Unicode 标准将每个已分配的码点（字符）放入一个文本系统中。文本系统是一组由特定人类书写系统使用的码点。有些文本系统（如 泰文）对应到单一的人类语言。其他文本系统（如 拉丁文）则横跨多种语言。

有些语言由多个文本系统组成。没有日文 Unicode 文本系统。相反地，Unicode 提供日文文档通常由其组成的 平假名、片假名、汉字 和 拉丁文 文本系统。

一个特殊的文本系统是 通用 文本系统。此文本系统包含各种字符，这些字符是广泛文本系统中常见的。它包含各种标点符号、空白和杂项符号。

所有已分配的 Unicode 码点（由 \P{Cn} 匹配的）都是一个 Unicode 文本系统的一部分。所有未分配的 Unicode 码点（由 \p{Cn} 匹配的）都不属于任何 Unicode 文本系统。

Perl、PCRE、PHP、Ruby 1.9、Delphi 和 XRegExp 可以匹配 Unicode 文本系统。以下是清单

\p{Common}
\p{Arabic}
\p{Armenian}
\p{Bengali}
\p{Bopomofo}
\p{Braille}
\p{Buhid}
\p{Canadian_Aboriginal}
\p{Cherokee}
\p{Cyrillic}
\p{Devanagari}
\p{Ethiopic}
\p{Georgian}
\p{Greek}
\p{Gujarati}
\p{Gurmukhi}
\p{Han}
\p{Hangul}
\p{Hanunoo}
\p{Hebrew}
\p{Hiragana}
\p{Inherited}
\p{Kannada}
\p{Katakana}
\p{Khmer}
\p{Lao}
\p{Latin}
\p{Limbu}
\p{Malayalam}
\p{Mongolian}
\p{Myanmar}
\p{Ogham}
\p{Oriya}
\p{Runic}
\p{Sinhala}
\p{Syriac}
\p{Tagalog}
\p{Tagbanwa}
\p{TaiLe}
\p{Tamil}
\p{Telugu}
\p{Thaana}
\p{Thai}
\p{Tibetan}
\p{Yi}

Perl 允许您使用 \p{IsLatin} 取代 \p{Latin}。如下一节所述，「Is」语法对于区分文本系统和区块很有用。PCRE、PHP 和 XRegExp 不支持「Is」前缀。

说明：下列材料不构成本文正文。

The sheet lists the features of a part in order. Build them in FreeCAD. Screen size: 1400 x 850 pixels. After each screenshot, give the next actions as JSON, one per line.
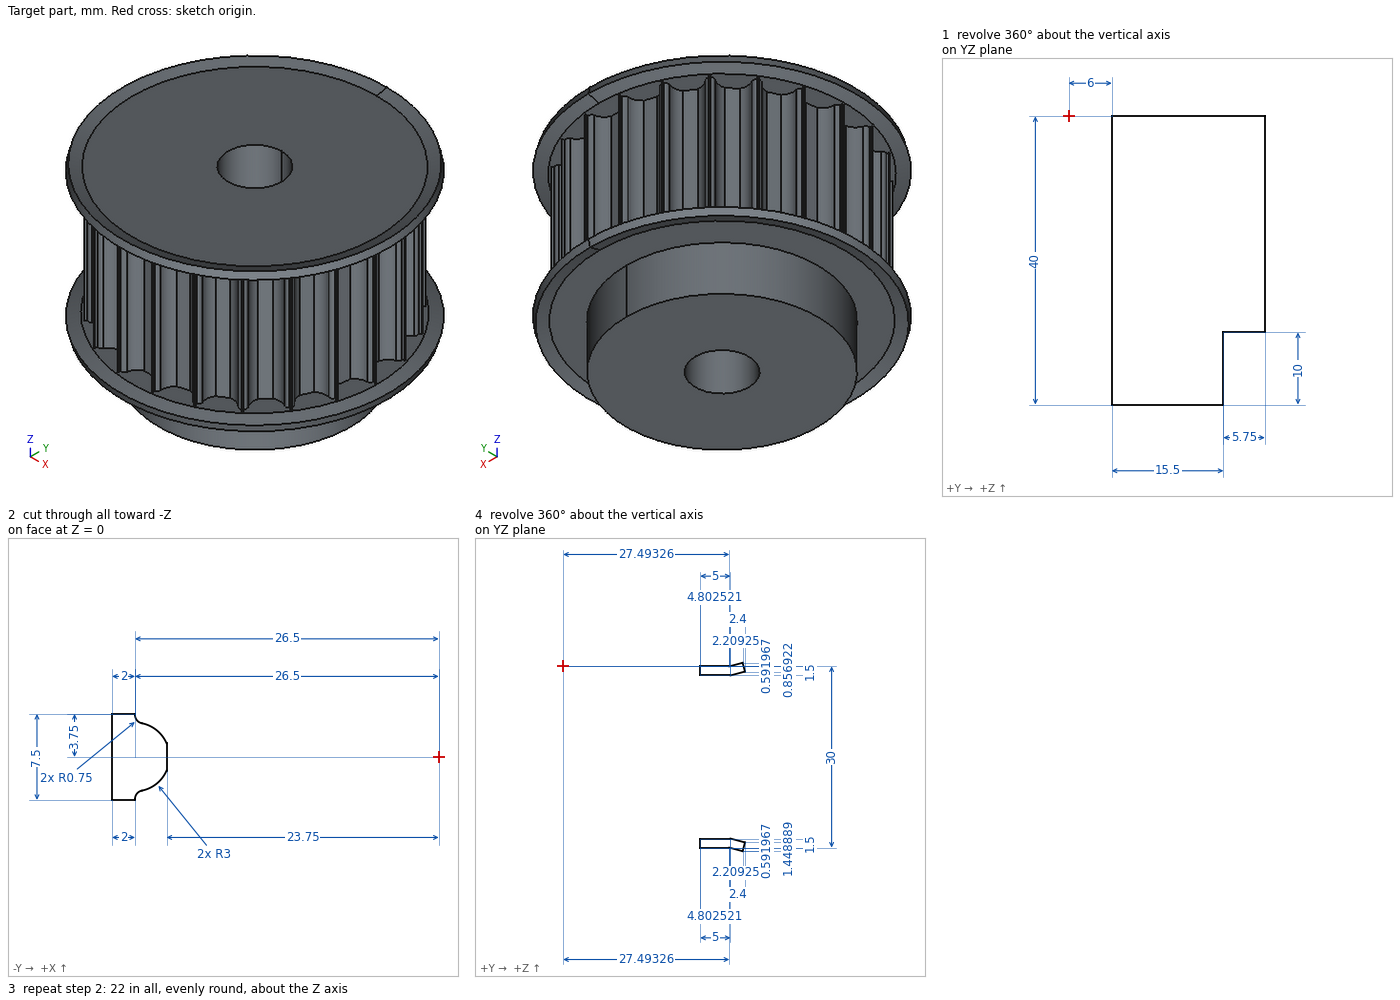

Java 7 支持 Unicode 码。与其他版本不同，Java 7 需要「Is」前缀。

Unicode 区块

Unicode 标准将 Unicode 字符对应表分成不同的区块或码点范围。每个区块用于定义特定码表的字符，例如「藏文」，或属于特定群组，例如「点字模式」。大多数区块包含未指派码点，保留供未来扩充 Unicode 标准使用。

请注意，Unicode 区块与码表并非 100% 对应。区块与码表之间的本质区别在于区块是连续的单一码点范围，如下所列。码表由取自整个 Unicode 字符对应表的字符组成。区块可能包含未指派的码点（即与 \p{Cn} 匹配的码点）。码表绝不包含未指派的码点。一般来说，如果您不确定要使用 Unicode 码表或 Unicode 区块，请使用码表。

例如，货币区块不包含美元和日圆符号。这些符号出现在 Basic_Latin 和 Latin-1_Supplement 区块中，即使它们都是货币符号，而且日圆符号不是拉丁字符。这是出于历史原因，因为 ASCII 标准包含美元符号，而 ISO-8859 标准包含日圆符号。您不应根据以下列出的任何区块的名称盲目使用它们。相反地，请查看它们实际匹配的字符范围。当您尝试寻找所有货币符号时，Unicode 属性 \p{Sc} 或 \p{Currency_Symbol} 会比 Unicode 区块 \p{InCurrency_Symbols} 更好。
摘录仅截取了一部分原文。